#### [What this task involves]
Read the records and gather each line that includes "tempo".

#### [The records]
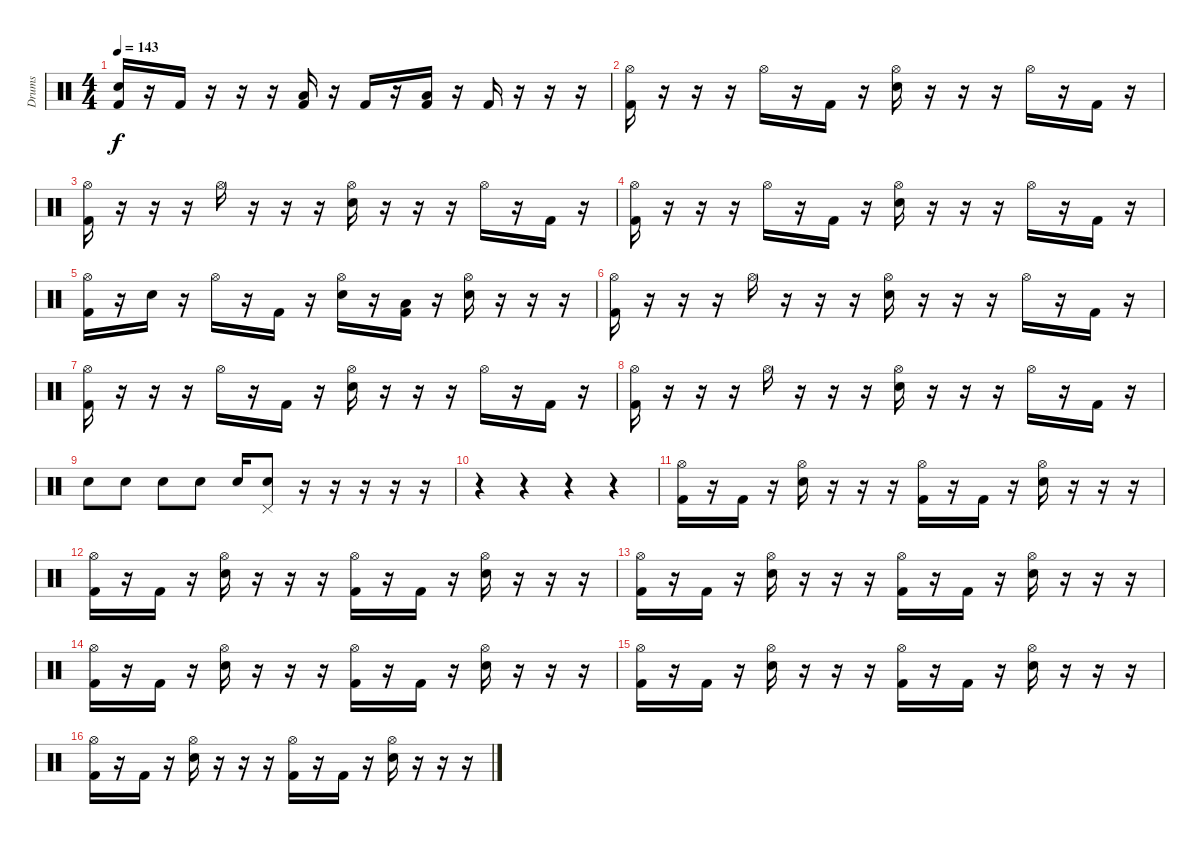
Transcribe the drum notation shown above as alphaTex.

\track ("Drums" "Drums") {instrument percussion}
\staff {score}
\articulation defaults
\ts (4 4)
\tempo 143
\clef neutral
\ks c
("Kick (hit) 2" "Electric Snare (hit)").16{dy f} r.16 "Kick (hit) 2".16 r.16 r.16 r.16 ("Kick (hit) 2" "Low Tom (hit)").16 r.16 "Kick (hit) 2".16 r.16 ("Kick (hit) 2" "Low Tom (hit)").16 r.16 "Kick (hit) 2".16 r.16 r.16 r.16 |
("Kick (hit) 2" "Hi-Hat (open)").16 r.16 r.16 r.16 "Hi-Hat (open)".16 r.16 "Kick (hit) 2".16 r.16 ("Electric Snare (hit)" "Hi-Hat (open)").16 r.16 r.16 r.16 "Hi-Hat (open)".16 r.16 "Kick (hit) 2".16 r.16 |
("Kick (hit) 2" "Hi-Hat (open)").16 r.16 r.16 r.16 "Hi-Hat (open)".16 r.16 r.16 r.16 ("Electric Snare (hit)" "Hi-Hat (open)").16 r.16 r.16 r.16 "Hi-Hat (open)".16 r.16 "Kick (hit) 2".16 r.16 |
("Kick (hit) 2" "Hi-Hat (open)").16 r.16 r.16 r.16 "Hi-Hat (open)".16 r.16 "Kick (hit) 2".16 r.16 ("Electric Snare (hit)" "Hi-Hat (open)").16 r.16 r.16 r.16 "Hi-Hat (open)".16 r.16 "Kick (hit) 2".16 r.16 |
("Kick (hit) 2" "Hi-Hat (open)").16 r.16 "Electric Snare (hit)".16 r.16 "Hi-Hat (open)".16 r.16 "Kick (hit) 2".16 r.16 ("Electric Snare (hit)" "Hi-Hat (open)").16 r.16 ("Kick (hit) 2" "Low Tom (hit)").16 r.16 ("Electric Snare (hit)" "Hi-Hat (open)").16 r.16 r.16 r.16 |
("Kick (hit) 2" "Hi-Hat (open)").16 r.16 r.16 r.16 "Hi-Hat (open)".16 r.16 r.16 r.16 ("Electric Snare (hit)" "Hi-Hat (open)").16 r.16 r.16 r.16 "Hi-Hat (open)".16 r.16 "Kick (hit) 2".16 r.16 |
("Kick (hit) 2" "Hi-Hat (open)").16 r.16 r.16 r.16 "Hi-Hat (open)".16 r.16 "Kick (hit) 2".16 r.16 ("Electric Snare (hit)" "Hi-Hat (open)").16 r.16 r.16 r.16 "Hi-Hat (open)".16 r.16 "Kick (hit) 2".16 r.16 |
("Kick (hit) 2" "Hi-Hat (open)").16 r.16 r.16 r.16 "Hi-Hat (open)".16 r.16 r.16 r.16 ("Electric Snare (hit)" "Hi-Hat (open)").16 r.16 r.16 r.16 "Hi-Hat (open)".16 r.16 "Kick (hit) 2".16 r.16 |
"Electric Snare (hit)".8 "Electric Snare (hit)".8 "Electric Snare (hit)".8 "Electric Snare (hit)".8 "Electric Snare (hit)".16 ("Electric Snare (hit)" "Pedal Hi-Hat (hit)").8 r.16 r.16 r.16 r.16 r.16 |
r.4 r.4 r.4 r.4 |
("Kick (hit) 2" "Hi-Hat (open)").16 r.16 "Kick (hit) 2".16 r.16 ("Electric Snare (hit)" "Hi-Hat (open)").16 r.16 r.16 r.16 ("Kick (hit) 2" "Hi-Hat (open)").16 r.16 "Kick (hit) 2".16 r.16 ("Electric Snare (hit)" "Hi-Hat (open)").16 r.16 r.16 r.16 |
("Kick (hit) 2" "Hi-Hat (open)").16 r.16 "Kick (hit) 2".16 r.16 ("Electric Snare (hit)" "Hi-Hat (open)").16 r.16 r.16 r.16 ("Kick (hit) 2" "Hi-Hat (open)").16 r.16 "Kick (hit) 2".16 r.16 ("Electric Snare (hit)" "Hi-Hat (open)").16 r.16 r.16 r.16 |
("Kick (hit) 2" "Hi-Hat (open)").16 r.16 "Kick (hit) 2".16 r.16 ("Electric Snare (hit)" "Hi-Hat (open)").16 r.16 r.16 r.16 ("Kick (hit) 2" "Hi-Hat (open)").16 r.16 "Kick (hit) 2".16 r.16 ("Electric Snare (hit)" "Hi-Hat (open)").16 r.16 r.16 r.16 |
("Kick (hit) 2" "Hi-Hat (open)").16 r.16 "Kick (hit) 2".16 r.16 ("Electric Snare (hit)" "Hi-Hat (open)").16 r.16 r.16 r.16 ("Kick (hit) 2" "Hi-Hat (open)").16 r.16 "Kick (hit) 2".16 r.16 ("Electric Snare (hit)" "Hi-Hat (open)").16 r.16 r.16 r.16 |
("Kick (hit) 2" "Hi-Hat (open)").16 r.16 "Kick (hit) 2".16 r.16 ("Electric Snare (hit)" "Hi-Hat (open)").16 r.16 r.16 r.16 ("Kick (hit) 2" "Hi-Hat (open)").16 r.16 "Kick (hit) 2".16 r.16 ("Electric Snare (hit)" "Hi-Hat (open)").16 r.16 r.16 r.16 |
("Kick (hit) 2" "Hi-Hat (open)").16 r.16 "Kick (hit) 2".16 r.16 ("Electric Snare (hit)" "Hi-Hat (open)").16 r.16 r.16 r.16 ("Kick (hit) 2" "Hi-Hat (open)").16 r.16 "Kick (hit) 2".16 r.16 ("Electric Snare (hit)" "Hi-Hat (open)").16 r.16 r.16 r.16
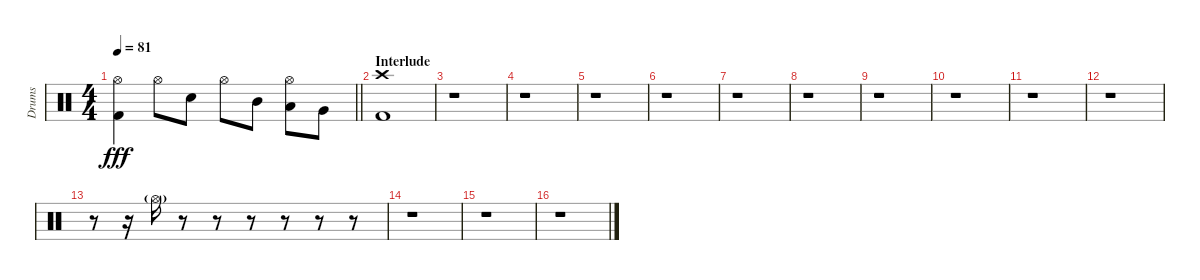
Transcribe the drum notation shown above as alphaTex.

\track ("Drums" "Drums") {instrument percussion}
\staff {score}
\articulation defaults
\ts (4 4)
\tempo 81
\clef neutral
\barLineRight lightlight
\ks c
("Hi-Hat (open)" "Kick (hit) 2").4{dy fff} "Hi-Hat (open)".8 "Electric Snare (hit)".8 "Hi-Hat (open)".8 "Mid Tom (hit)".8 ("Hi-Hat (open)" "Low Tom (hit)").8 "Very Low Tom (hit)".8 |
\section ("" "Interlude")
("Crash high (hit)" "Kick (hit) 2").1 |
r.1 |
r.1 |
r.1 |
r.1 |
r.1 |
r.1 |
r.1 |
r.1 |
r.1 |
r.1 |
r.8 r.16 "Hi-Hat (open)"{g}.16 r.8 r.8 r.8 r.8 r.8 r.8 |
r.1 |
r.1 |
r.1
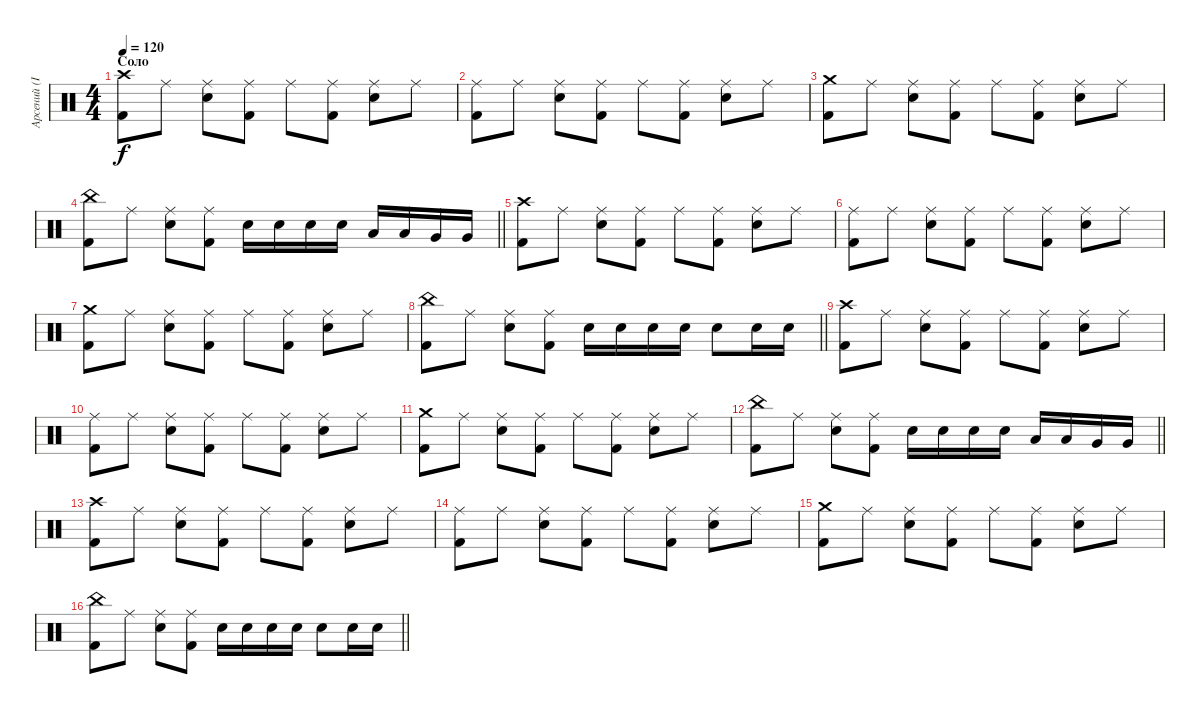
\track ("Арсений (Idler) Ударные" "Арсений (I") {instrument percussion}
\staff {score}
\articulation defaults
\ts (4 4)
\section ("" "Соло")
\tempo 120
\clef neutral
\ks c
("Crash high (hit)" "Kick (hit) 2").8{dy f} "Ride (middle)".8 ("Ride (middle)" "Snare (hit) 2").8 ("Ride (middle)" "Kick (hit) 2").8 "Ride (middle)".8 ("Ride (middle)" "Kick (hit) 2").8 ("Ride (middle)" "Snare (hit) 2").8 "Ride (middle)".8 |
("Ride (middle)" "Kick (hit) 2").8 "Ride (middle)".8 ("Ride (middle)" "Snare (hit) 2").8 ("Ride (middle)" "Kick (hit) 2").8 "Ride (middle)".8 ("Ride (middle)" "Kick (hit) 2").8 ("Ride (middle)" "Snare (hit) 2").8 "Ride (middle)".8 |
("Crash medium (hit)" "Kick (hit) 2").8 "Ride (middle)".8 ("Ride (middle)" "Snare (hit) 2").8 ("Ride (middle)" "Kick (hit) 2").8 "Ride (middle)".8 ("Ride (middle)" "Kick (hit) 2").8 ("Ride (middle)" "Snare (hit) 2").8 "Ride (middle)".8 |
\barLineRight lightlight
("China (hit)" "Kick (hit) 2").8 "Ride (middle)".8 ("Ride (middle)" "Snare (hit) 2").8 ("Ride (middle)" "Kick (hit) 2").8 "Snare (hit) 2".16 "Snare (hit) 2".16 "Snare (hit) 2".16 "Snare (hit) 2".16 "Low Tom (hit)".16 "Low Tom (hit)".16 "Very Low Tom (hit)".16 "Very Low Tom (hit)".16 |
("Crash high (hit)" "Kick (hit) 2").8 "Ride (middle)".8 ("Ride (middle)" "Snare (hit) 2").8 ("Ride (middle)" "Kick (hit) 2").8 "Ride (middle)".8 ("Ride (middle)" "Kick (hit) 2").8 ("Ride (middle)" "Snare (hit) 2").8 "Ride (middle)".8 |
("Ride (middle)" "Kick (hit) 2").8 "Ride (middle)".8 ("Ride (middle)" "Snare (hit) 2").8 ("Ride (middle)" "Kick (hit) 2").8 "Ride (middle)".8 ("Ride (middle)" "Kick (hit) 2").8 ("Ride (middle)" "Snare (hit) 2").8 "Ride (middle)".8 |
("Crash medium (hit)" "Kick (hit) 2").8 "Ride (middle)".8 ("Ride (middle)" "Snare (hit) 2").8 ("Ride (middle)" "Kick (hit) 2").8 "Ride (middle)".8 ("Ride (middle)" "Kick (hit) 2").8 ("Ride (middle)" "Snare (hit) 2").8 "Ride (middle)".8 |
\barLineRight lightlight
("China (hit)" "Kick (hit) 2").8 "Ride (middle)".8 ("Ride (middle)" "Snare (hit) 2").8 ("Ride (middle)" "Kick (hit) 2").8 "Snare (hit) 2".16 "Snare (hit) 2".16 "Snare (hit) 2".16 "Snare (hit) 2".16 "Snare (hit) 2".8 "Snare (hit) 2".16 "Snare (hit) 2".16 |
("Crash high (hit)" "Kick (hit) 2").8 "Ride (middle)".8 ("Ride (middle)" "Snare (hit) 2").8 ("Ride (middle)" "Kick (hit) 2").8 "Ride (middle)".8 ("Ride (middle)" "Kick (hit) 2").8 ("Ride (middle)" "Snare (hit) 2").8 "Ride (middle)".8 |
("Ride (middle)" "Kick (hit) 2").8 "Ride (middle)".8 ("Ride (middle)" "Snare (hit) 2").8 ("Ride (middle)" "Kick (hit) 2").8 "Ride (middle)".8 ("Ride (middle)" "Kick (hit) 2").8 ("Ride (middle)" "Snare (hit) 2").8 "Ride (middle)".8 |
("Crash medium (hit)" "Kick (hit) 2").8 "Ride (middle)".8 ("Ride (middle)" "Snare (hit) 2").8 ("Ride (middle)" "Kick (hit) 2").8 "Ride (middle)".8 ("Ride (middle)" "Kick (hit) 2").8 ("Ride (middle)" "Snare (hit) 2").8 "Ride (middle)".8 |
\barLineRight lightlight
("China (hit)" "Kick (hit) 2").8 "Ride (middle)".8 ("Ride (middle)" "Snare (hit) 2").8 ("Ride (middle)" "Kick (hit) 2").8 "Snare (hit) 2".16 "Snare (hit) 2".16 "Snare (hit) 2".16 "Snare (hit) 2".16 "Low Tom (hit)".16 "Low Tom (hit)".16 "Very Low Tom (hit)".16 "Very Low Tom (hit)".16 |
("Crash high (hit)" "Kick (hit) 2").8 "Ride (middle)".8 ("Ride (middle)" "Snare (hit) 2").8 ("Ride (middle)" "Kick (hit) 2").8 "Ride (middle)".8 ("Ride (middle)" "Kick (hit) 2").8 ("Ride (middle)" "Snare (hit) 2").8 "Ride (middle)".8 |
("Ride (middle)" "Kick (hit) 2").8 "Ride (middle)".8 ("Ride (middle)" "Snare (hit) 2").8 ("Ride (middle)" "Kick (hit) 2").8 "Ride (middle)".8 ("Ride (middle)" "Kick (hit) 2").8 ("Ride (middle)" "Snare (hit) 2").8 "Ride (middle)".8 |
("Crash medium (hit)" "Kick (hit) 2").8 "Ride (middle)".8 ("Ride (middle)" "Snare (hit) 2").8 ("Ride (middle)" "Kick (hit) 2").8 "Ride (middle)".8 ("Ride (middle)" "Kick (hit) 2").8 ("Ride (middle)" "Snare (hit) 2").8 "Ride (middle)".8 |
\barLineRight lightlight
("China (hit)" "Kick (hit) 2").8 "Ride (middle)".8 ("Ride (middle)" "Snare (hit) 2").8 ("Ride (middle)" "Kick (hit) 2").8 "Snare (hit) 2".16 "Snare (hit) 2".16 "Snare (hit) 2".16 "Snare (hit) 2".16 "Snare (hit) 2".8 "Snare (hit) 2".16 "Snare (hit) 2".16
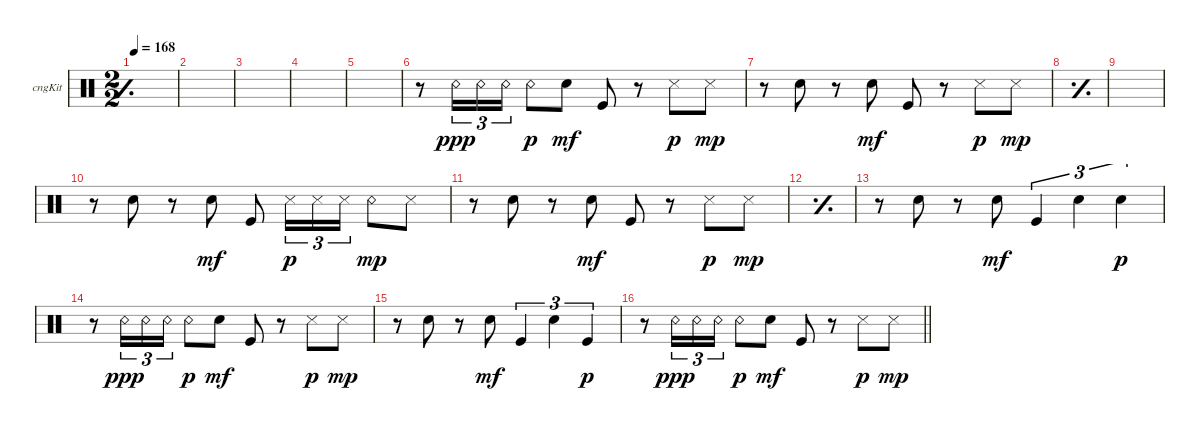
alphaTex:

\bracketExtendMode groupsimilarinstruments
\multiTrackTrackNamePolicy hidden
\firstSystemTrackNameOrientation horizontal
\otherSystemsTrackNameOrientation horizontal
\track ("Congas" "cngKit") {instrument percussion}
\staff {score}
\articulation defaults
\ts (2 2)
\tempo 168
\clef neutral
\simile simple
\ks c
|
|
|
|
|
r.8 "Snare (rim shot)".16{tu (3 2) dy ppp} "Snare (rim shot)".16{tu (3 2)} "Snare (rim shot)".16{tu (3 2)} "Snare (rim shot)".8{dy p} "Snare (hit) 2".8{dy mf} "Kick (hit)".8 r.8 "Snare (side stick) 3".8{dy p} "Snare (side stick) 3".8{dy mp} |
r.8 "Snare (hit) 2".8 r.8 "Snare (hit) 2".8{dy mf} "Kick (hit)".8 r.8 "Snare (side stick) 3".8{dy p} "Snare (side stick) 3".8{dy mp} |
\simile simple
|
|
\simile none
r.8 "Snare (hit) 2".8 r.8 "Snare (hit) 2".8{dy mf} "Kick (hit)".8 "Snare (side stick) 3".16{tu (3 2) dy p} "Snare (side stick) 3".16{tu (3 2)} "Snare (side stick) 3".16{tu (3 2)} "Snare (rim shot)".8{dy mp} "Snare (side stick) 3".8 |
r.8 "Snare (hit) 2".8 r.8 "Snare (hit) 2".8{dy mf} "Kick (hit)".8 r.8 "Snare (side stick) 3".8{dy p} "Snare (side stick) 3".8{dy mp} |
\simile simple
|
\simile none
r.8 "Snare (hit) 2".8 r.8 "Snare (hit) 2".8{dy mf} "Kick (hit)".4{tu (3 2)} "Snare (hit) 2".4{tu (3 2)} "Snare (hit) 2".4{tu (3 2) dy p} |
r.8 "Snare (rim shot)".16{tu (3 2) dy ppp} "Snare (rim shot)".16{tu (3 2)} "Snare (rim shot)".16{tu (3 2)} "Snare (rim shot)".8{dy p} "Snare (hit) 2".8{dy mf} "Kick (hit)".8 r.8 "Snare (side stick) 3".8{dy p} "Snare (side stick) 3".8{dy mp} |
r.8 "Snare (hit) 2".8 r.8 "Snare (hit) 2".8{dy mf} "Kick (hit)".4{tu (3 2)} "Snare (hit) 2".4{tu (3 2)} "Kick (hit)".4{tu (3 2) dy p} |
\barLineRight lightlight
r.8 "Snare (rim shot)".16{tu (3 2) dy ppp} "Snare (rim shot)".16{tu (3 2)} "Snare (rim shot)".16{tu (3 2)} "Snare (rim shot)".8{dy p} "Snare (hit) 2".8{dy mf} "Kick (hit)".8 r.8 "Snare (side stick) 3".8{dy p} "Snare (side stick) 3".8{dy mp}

#### [Final answer]
\tempo 143
\tempo 81
\tempo 120
\tempo 168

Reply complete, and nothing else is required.